Книги

Разлом

22
18
20
22
24
26
28
30

Стал прикидывать как бы приобрести парочку кальсон, но на себя мое внимание перетянул щелчок хлыста, со свистом рассекший воздух.

— Вставай!

Обернулся на звук и увидел нехитрый механизм, приводящий в движение подъемники. Два огромных колеса вращало по двенадцать истощённых мужчин. Осунувшиеся лица, исполосованные свежими и старыми ранами тощие спины с выступающими позвонками да рёбрами, волосы и бороды паклей спадающие до плеч.
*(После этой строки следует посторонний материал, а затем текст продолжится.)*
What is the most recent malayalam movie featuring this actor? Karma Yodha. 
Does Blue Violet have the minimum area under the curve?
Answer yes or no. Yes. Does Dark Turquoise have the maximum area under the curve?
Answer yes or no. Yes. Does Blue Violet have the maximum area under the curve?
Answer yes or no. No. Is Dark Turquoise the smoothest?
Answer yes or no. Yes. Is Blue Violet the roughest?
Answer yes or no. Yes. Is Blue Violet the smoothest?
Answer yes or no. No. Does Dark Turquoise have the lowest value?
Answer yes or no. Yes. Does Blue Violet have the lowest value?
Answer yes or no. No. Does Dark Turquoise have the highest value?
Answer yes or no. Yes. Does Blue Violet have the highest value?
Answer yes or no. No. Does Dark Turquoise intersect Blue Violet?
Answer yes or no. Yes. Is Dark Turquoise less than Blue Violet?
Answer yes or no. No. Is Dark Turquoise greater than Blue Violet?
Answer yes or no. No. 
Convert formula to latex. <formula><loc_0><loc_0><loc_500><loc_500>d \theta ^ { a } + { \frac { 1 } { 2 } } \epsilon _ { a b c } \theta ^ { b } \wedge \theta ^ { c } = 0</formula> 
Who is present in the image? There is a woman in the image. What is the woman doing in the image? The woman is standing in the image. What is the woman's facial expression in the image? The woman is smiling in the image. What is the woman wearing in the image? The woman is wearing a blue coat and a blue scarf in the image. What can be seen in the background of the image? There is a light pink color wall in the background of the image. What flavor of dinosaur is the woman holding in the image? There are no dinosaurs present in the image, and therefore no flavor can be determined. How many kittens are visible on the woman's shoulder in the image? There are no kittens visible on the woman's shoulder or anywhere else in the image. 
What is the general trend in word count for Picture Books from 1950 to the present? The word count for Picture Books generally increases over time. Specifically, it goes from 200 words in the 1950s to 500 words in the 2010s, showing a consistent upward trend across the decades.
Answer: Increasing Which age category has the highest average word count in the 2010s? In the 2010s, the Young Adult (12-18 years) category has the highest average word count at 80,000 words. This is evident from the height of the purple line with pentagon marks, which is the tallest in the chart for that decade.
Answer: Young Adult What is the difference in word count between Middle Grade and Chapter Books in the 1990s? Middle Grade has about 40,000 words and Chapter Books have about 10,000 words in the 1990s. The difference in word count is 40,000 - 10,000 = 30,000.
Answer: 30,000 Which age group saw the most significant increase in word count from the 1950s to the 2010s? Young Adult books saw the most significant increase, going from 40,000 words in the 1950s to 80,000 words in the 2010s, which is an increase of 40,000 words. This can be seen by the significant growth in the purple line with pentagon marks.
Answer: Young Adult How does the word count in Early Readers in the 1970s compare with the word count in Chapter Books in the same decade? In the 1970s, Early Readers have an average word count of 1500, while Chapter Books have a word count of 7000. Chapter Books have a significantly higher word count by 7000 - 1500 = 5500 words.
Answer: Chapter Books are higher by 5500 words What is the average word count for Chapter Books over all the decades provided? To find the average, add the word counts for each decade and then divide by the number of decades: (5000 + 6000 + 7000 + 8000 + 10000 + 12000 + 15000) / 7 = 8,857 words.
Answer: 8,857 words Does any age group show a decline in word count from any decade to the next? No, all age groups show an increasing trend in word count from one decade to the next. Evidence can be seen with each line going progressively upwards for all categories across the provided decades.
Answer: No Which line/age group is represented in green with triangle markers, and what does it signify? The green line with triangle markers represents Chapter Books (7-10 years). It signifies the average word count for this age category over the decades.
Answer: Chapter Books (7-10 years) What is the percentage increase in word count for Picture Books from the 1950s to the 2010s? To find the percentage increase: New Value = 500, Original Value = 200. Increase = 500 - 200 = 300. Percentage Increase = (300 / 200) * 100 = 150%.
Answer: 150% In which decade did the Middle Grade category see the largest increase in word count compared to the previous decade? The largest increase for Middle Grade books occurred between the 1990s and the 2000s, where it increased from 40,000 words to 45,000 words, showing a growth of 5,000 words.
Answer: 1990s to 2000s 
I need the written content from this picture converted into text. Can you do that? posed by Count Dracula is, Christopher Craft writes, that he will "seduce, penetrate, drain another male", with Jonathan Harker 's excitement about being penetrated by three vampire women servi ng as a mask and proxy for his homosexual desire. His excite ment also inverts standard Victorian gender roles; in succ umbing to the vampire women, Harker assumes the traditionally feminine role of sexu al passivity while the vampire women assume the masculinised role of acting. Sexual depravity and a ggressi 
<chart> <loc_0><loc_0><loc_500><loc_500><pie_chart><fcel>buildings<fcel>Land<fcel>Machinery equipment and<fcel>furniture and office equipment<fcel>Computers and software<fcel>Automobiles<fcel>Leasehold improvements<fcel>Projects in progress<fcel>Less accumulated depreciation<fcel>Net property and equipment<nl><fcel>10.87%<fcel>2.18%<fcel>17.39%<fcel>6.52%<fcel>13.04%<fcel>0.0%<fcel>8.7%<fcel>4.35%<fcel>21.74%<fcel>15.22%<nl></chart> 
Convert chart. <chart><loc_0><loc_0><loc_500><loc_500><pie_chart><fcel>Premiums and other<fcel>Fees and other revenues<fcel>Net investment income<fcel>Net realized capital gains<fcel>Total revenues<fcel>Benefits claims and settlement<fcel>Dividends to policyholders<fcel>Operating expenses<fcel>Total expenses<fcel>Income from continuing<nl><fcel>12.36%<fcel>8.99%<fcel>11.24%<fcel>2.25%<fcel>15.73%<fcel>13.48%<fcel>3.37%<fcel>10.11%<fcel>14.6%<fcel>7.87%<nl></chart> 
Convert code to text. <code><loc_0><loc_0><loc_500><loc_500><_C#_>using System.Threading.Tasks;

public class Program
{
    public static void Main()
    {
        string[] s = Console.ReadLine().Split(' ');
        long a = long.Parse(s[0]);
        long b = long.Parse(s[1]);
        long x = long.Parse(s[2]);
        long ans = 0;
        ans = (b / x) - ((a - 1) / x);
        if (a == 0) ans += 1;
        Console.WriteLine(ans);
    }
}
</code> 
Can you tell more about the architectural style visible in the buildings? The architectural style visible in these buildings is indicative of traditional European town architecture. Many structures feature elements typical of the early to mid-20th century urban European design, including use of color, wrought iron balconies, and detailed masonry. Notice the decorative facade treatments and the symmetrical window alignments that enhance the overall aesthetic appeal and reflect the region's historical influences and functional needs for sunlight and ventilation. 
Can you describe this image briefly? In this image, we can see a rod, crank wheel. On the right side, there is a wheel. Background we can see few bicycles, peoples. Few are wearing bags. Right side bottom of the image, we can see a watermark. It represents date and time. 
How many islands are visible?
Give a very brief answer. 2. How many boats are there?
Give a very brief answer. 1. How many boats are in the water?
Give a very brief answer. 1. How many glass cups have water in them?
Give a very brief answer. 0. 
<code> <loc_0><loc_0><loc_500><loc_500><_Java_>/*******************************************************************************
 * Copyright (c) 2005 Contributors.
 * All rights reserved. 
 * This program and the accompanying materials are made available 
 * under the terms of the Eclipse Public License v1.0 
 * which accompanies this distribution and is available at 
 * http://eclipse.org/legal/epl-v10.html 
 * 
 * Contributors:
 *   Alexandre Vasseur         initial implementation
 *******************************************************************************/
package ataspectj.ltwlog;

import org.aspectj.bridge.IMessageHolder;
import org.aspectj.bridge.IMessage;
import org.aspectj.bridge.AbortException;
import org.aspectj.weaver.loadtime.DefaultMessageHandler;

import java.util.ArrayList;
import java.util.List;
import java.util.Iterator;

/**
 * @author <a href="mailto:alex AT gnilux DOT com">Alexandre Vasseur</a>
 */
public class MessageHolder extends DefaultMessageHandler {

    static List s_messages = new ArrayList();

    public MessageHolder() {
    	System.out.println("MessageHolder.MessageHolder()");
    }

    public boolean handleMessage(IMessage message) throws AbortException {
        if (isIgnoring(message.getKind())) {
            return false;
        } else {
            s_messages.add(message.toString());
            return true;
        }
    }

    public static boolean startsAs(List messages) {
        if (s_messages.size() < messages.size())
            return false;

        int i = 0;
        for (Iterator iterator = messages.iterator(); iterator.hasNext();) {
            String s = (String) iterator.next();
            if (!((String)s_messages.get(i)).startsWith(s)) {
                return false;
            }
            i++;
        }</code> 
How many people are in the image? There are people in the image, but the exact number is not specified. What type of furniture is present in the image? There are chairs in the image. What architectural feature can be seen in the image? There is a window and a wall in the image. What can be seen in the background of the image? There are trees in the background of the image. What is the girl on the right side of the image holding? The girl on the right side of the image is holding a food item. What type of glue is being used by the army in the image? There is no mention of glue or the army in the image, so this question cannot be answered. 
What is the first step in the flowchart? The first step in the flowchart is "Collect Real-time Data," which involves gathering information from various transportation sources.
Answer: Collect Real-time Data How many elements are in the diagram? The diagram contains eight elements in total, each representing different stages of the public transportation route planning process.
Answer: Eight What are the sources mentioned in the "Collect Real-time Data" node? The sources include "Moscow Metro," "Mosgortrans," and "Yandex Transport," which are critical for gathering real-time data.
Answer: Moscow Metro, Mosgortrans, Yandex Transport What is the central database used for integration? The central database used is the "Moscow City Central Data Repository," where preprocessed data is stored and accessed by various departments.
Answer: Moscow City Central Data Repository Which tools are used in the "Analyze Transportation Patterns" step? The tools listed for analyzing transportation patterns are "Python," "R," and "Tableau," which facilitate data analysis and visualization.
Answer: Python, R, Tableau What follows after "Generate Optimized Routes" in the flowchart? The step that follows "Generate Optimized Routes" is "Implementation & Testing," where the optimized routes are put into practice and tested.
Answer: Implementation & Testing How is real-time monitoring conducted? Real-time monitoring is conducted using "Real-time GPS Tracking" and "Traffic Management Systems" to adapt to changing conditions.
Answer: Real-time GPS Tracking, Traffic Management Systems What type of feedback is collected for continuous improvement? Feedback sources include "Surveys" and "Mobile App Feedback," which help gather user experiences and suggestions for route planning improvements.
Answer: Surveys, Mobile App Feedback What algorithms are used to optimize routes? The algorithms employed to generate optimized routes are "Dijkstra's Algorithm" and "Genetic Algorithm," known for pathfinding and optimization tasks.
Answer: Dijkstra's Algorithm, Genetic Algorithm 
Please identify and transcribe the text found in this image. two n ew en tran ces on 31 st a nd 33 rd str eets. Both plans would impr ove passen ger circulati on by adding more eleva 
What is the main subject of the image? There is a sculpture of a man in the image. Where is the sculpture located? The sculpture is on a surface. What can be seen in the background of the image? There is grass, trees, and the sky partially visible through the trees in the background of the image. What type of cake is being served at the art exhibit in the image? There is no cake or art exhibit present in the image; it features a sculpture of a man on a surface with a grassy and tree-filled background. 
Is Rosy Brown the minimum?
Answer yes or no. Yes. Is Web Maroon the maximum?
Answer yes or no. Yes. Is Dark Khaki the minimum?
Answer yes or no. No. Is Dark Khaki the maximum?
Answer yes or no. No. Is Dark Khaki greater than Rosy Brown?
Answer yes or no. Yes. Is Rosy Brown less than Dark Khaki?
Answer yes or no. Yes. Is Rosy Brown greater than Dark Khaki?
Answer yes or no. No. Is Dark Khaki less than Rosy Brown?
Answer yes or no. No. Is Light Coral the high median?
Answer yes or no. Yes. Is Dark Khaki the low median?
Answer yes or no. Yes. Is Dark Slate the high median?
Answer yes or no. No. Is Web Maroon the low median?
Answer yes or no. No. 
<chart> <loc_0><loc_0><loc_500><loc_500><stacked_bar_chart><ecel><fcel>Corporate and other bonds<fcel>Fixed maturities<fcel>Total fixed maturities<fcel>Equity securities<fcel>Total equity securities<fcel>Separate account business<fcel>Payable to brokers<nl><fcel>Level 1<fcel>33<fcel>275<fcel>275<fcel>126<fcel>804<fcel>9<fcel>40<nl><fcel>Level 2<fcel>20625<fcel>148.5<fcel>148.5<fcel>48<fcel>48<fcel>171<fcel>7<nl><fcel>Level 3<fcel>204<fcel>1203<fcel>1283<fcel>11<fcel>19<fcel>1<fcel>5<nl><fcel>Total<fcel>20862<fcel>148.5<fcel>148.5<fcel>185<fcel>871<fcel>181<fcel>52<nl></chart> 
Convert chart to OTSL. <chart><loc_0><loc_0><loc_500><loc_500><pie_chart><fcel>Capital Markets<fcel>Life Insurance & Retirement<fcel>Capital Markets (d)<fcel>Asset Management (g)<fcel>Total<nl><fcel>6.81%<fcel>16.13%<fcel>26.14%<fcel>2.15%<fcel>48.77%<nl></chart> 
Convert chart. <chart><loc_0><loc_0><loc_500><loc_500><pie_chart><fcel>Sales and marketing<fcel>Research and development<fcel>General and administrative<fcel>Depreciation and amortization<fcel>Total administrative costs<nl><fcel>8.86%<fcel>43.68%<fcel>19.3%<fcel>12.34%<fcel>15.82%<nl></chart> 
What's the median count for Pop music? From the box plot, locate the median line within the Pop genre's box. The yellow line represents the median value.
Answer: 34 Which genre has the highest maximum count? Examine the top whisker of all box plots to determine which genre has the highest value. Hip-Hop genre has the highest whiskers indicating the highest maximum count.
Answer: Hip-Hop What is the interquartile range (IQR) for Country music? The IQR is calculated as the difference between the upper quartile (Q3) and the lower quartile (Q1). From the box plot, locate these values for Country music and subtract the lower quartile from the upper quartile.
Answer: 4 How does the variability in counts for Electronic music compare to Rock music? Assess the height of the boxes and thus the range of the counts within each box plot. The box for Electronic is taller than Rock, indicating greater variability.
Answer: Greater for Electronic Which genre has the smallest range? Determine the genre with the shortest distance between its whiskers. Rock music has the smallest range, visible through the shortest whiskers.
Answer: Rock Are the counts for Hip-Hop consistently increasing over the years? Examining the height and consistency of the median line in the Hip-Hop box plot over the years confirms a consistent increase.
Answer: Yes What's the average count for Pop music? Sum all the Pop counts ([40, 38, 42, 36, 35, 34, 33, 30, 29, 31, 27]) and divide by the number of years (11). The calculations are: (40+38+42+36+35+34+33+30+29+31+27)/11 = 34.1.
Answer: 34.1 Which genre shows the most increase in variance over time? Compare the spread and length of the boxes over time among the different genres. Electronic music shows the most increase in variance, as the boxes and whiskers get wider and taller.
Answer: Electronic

Из одежды засаленные штаны с потемневшими пятнами крови, туго затянутые на впалом животе обыкновенной верёвкой. Четыре надсмотрщика, один из которых яростно хлыстал, рухнувшего на землю мужчину.

Он не шевелился, но его спину продолжали хлестать, вынуждая встать и приняться за работу.

— Он умер, Хэнк! — попытался вразумить одичавшего напарника один из надсмотрщиков.

— Третий за два дня! Проклятые слабаки! — продолжал он озлобленно рассекать бедняге плоть. — Это вам урок! Чтобы знали, как умирать без дозволения!

Народ, на чьих глазах развернулась эта картина, притих. Замер, наблюдая, как подогнали мула с небольшой повозкой и закинули на неё бездыханное тело. Освободившееся место быстро занял новый «счастливчик», на фоне остальных выглядящий бодрым и свежим.

— Что за чертовщина? — выдохнул я, скорее самому себе, но ведунья, стоявшая по правую руку от меня, поспешила пояснить:

— Им не повезло родиться в низшем сословии. Их родители не были ремесленниками, торговцами или воинами…

Оторвал взгляд от повозки, заворачивающей за угол, переводя на мужчин, вращающих колесо. Перед моими глазами очередное скотство этого мира!

Как только показательная порка окончилась, народ, потеряв всякий интерес к происходящему, как ни в чем не бывало занялся своими делами. Словно не человек пал замертво от истощения и усталости, а ничего не значащее насекомое. Нас подхватил общий поток людей, унося от подъемников дальше по торговой улице. Эйвар останавливался у каждого прилавка и начинал торговаться, как будто в его жилах текла цыганская кровь. А я все не мог отгородиться от той картины… Разве в моих силах было что-либо изменить? Нет. Я никак не помогу этим людям. Скорее меня самого закидают камнями или забьют насмерть хлыстом. Но от этих убеждений не становилось легче. Царящая несправедливость и жестокость, мешали мне свободно дышать.

Я человек военный. Ни раз встречающийся нос к носу со смертью и несправедливостью, вдруг стал слишком остро реагировать на беззаконие. Словно каждый погибший — это мой подопечный, зелёный рядовой, чей-то сын и брат, за которого я в ответе.

Наверное, я просто слишком впечатлился этим миром. Все-таки в двадцать первом веке не было места всему этому средневековью даже на войне…

— Держи, проголодался, небось, — Эйвар подкинул в воздух яркий плод, азартно подмигнув, — всего один медяк. Сторговался.

Поймал яблоко налету и, отерев о рубаху, откусил. Проголодался — не то слово…

— Надеюсь, это не предел твоих способностей, Эйвар. У нас мало времени, — раздраженно прощебетала ведунья, натягивая регулярно спадающий капюшон.

— Не дрейфь. Мы почти добрались. Вон за той лавкой торгует кожевник, которого точно заинтересуют наши шкурки. Мне и самому не терпится выпить в «Копченой ноге», — он в предвкушении потер ладони и с большим энтузиазмом стал пробираться сквозь толпящихся людей.

— Пока вы будете сидеть в таверне, я загляну на чёрный рынок, — информировала меня о своих планах Алариэль, когда воин отошёл от нас на безопасное расстояние.

— Это не опасно?

— А ты что, беспокоишься обо мне? — с легкой иронией в голосе переспросила женщина, приспустив капюшон.